The milestone completes enrollment across both global phase 3 studies in the company's 4FRONT clinical program, with the company reporting that both trials exceeded initial enrollment projections.

"Completing global enrollment in both 4FRONT-1 and 4FRONT-2 phase 3 trials with over-enrollment and ahead of initial projections further validates 4D-150 as the potential cornerstone of a transformative, category-defining retina franchise at 4DMT," said David Kirn, MD, co-founder, president and CEO of 4DMT.

Dr. Kim added that the company expects phase 3 readouts in 2027 and plans to initiate a phase 3 study of 4D-150 in diabetic macular edema during the third quarter of 2026.

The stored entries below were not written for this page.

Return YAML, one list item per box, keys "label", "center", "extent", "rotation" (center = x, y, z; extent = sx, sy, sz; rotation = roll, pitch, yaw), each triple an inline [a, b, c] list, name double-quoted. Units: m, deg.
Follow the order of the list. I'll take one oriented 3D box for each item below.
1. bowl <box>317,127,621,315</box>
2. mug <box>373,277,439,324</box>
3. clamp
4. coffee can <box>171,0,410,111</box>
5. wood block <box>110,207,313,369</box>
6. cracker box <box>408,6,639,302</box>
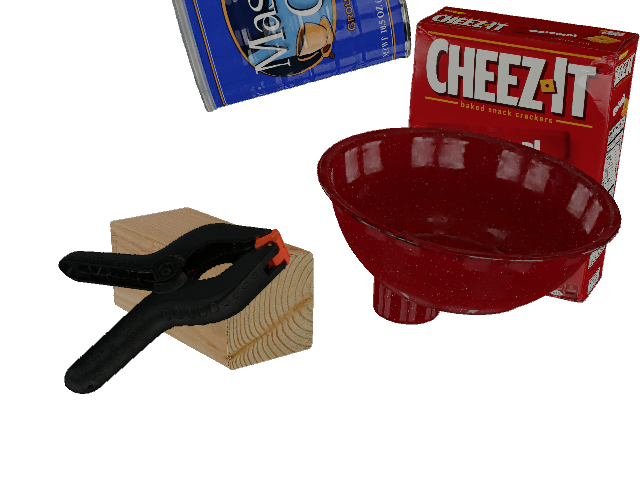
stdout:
- label: "bowl"
  center: [0.075, -0.006, 0.576]
  extent: [0.162, 0.055, 0.162]
  rotation: [6, 27, -3]
- label: "mug"
  center: [0.115, 0.049, 1.256]
  extent: [0.117, 0.081, 0.093]
  rotation: [13, 25, 23]
- label: "clamp"
  center: [-0.105, 0.040, 0.730]
  extent: [0.171, 0.120, 0.039]
  rotation: [-15, -36, 12]
- label: "coffee can"
  center: [-0.022, -0.152, 0.705]
  extent: [0.140, 0.103, 0.103]
  rotation: [-15, 0, -1]
- label: "wood block"
  center: [-0.103, 0.038, 0.976]
  extent: [0.090, 0.090, 0.206]
  rotation: [-12, 19, -36]
- label: "cracker box"
  center: [0.156, -0.069, 0.870]
  extent: [0.164, 0.214, 0.072]
  rotation: [14, 29, 24]
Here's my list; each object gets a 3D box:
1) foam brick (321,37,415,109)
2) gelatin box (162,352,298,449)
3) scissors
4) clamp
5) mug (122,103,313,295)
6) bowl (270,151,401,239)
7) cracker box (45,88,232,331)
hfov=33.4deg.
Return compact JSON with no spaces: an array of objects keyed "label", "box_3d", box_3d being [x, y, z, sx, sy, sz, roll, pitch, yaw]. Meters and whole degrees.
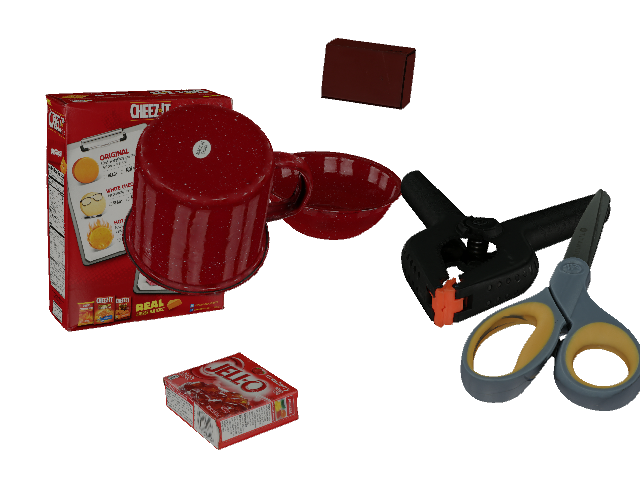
[{"label":"foam brick","box_3d":[0.044,-0.154,0.985,0.078,0.051,0.053,10,18,12]},{"label":"gelatin box","box_3d":[-0.071,0.123,0.835,0.073,0.030,0.089,-15,24,-31]},{"label":"scissors","box_3d":[0.148,0.029,0.567,0.096,0.016,0.201,19,40,34]},{"label":"clamp","box_3d":[0.106,-0.001,0.774,0.165,0.036,0.209,11,28,25]},{"label":"mug","box_3d":[-0.060,-0.029,0.648,0.117,0.093,0.082,-5,-37,-16]},{"label":"bowl","box_3d":[0.009,-0.045,1.200,0.162,0.055,0.162,5,27,-3]},{"label":"cracker box","box_3d":[-0.173,-0.033,1.012,0.163,0.214,0.072,-7,19,-31]}]
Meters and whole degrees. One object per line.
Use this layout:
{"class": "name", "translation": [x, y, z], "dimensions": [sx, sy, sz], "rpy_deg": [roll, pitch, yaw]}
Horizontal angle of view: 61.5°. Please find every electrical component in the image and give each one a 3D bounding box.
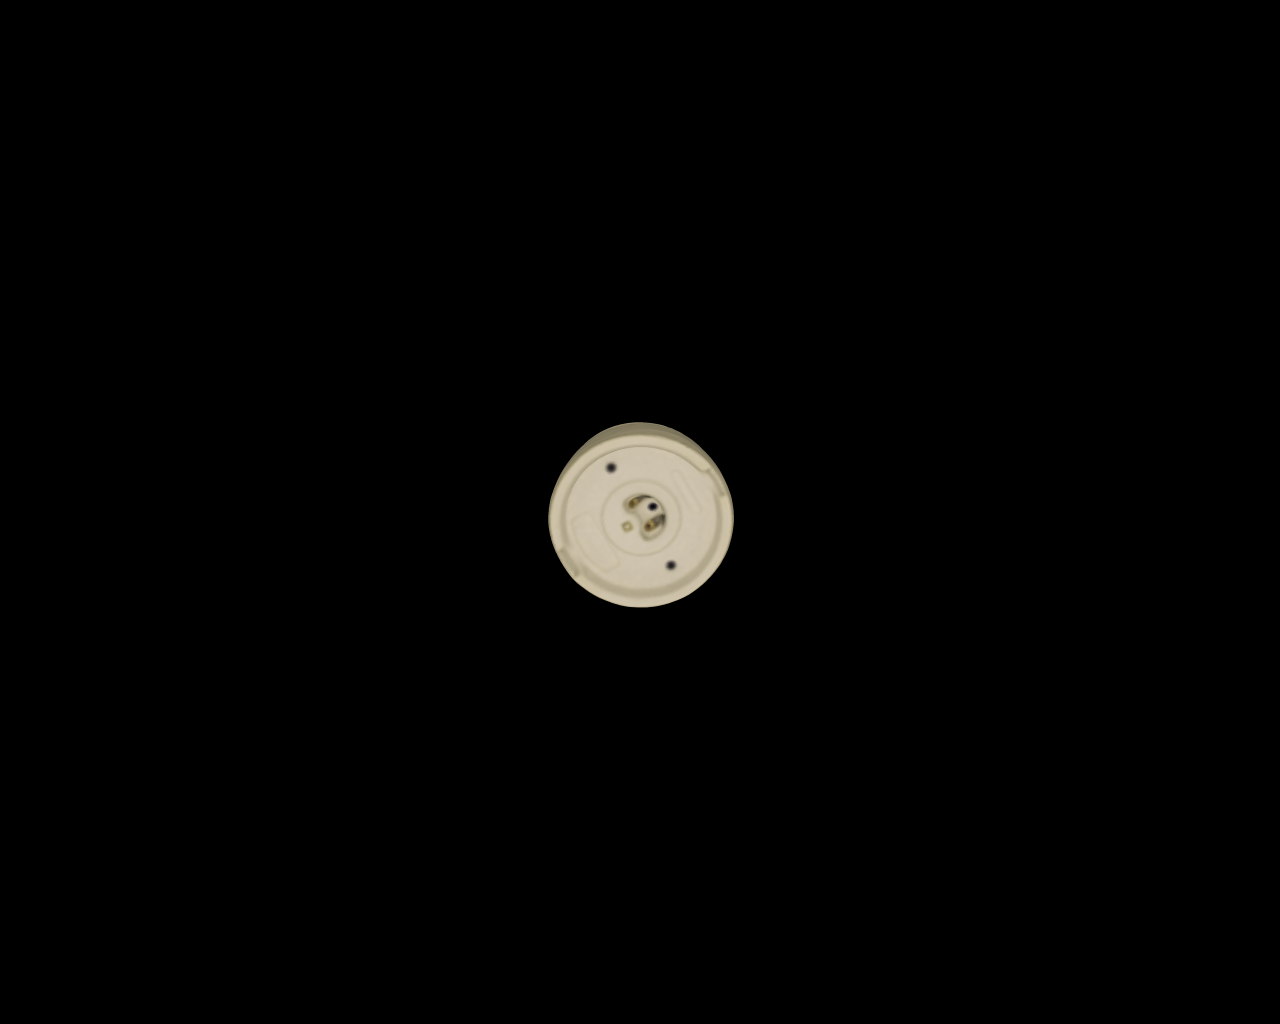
{"class": "electrical component", "translation": [0.001, -0.003, 0.650], "dimensions": [0.108, 0.108, 0.060], "rpy_deg": [0, 18, 0]}

"The vision for 4D-150 is compelling because it aims to move wet AMD care beyond repeated bolus injections toward durable, continuous disease control with a single intravitreal administration as the backbone treatment," said Patricio G. Schlottmann, MD, director of the Research Department at the Charles Ophthalmic Center and ophthalmology department director at Organización Médica de Investigación in Buenos Aires, Argentina, who is also a principal investigator in the 4FRONT-2 study.

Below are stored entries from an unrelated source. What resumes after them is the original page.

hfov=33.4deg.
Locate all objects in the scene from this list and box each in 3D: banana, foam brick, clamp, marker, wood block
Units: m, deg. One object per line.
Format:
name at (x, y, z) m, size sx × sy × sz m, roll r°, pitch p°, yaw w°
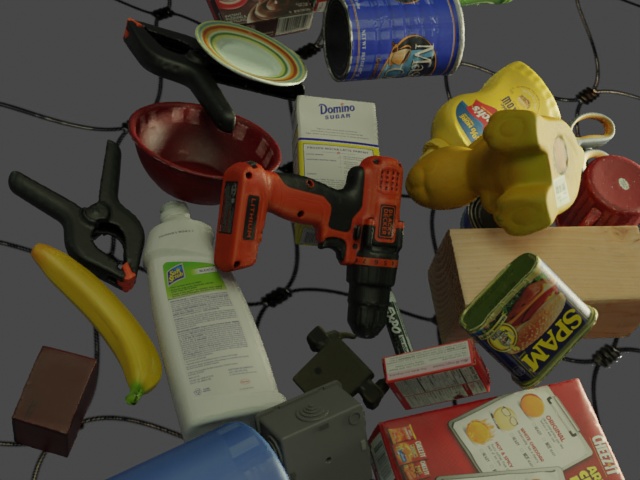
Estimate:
banana at (-0.201, 0.076, 1.005) m, size 0.037 × 0.069 × 0.198 m, roll -44°, pitch 64°, yaw 5°
foam brick at (-0.237, 0.144, 0.958) m, size 0.053 × 0.051 × 0.078 m, roll 17°, pitch 55°, yaw 0°
clamp at (-0.222, -0.028, 1.081) m, size 0.120 × 0.039 × 0.171 m, roll -34°, pitch 74°, yaw -22°
clamp at (-0.136, -0.186, 1.179) m, size 0.210 × 0.036 × 0.164 m, roll 27°, pitch 30°, yaw 10°
marker at (0.075, 0.083, 1.086) m, size 0.020 × 0.020 × 0.121 m, roll -8°, pitch 60°, yaw -17°
wood block at (0.226, 0.046, 1.097) m, size 0.206 × 0.090 × 0.091 m, roll -1°, pitch 58°, yaw -12°

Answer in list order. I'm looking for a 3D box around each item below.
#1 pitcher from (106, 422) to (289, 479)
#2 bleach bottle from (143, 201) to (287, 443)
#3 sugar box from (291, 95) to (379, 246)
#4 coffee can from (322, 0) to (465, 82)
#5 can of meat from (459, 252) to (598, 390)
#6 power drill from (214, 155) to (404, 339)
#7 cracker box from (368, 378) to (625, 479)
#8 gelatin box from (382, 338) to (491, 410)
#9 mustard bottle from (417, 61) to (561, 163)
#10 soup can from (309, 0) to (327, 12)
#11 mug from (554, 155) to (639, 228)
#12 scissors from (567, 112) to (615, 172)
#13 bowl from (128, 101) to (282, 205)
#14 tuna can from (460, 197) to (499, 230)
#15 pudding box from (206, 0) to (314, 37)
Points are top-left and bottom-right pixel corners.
pitcher at (-0.138, 0.256, 0.868) m, size 0.242 × 0.149 × 0.145 m, roll -24°, pitch 30°, yaw -29°
bleach bottle at (-0.109, 0.069, 1.029) m, size 0.102 × 0.068 × 0.251 m, roll -8°, pitch 58°, yaw -16°
sugar box at (0.018, -0.075, 1.161) m, size 0.093 × 0.048 × 0.176 m, roll 5°, pitch 53°, yaw -10°
coffee can at (0.084, -0.240, 1.246) m, size 0.140 × 0.103 × 0.103 m, roll -6°, pitch 59°, yaw -16°
can of meat at (0.194, 0.074, 1.003) m, size 0.084 × 0.057 × 0.102 m, roll 43°, pitch 90°, yaw -14°
power drill at (-0.007, 0.001, 1.043) m, size 0.187 × 0.057 × 0.184 m, roll 6°, pitch 88°, yaw -27°
cracker box at (0.167, 0.232, 0.980) m, size 0.213 × 0.072 × 0.164 m, roll -9°, pitch 61°, yaw -19°
gelatin box at (0.112, 0.128, 1.013) m, size 0.089 × 0.073 × 0.030 m, roll -15°, pitch 57°, yaw 13°
mustard bottle at (0.184, -0.126, 1.220) m, size 0.191 × 0.058 × 0.096 m, roll -32°, pitch 89°, yaw -27°
soup can at (0.027, -0.317, 1.305) m, size 0.102 × 0.069 × 0.068 m, roll -11°, pitch 61°, yaw -20°
mug at (0.309, -0.034, 1.176) m, size 0.093 × 0.082 × 0.117 m, roll 43°, pitch 59°, yaw 15°
scissors at (0.268, -0.091, 1.217) m, size 0.201 × 0.016 × 0.096 m, roll -21°, pitch 88°, yaw -29°
bowl at (-0.124, -0.083, 1.107) m, size 0.162 × 0.055 × 0.162 m, roll 13°, pitch 30°, yaw -8°
tuna can at (0.198, -0.017, 1.169) m, size 0.086 × 0.034 × 0.086 m, roll 6°, pitch 57°, yaw -9°
pudding box at (-0.075, -0.285, 1.278) m, size 0.113 × 0.039 × 0.090 m, roll -13°, pitch 61°, yaw -20°

4FRONT-2 is a global, multicenter, randomized, double-masked phase 3 study comparing a single intravitreal administration of 4D-150 with aflibercept 2 mg administered every 8 weeks in patients with wet AMD. The trial enrolled both treatment-naïve patients and recently diagnosed patients with limited prior anti-VEGF treatment.

The primary endpoint is noninferiority in the mean change from baseline in best-corrected visual acuity at 52 weeks. A key secondary endpoint evaluates treatment burden by comparing the number of aflibercept injections required in the 4D-150 arm versus the comparator arm over one year. Patients in both treatment groups are eligible to receive supplemental aflibercept injections as needed.

Topline 52-week results from 4FRONT-2 are expected during the second half of 2027.

The companion trial, 4FRONT-1, is being conducted in North America with an otherwise similar study design but enrolls only treatment-naïve patients. Topline 52-week results from that study are anticipated in the first half of 2027.